The fallout from the pandemic already has been precarious for the dozens of emerging market countries whose economies are commodity dependent. CDS prices for many emerging market hydrocarbon exporters have surged in recent weeks as the likely impact of the coronavirus on demand for oil — as well as an ill-timed crude price war between Russia and Saudi Arabia — spooked investors.

"There's an oil price war at a time when global demand for oil is declining and when COVID-19 is leading to large declines in demand for transport, movement of people, [and] trade," said Saidi. That affects countries that are open and also oil and gas producers."

It is an especially big issue for countries like Colombia, where crude oil and other mineral fuels represent more than half of all exports, and Angola, where oil makes up more than 90% of exports.

For copper-dependent Chile, declining prices amid the coronavirus outbreak could trigger either an economic stagnation or contraction this year. "Just as oil has come down, a lot the price of copper has also fallen quite drastically," Lanau said. "[The outbreak] adds to the shock they already suffered."

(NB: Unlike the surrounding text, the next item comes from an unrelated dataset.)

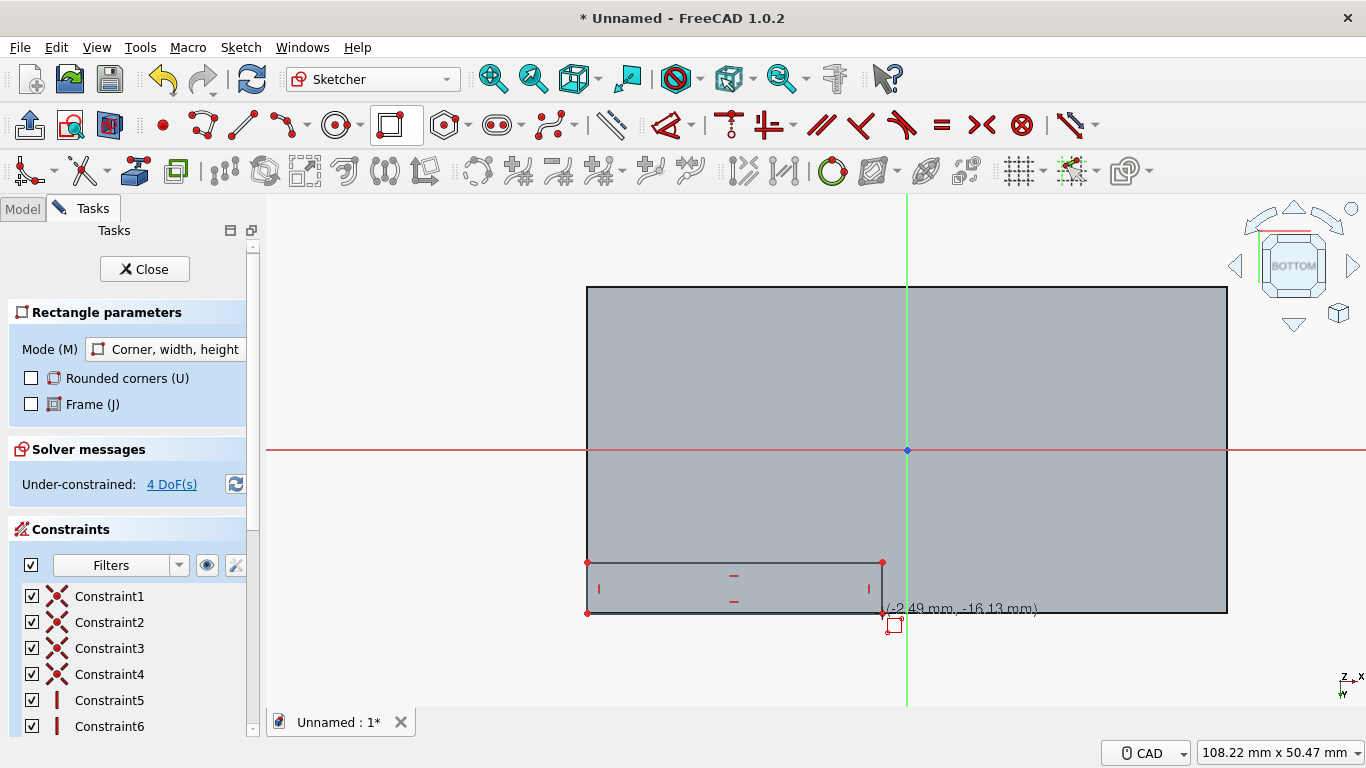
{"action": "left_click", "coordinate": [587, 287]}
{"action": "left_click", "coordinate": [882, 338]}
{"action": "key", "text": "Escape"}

However, Chile's low public debt and relatively good external buffers serve as a cushion for further shocks, Lanau noted. "Chile will suffer as every other commodity exporter, but, specially in a region in relative terms, is in a good position to handle what's coming."

The same can be said for major liquid natural gas exporters like Qatar, which can tap on its large reserves to pay off external liabilities. "That underlines Qatar's strong balance sheet because CDS measures the risk of government default and investors still see that as very low," according to Akber Khan, senior director of asset management at Al Rayan Investment.

A rough road ahead

With no end in sight for the pandemic, the climb in CDS prices both for emerging and developed economies will likely to continue. "In order for the risk capital to return, we would need to see the number of global daily infections to start declining," Glossop said. "But as it stands, that looks to be someway off. As of the moment, we probably suspect that risky assets will remain on pressure for sometime yet."

On the other hand, it may be too early too call if some sovereigns will default on their obligations as a result of the pressure posed by the coronavirus pandemic. "The reality is that we still have much to learn about the coronavirus and the conditions under which it may proliferate," Sparks said. "The bond market is definitely signaling serious concern over the impact of the virus on emerging market countries, but market bond spreads are generally not trading near distress levels."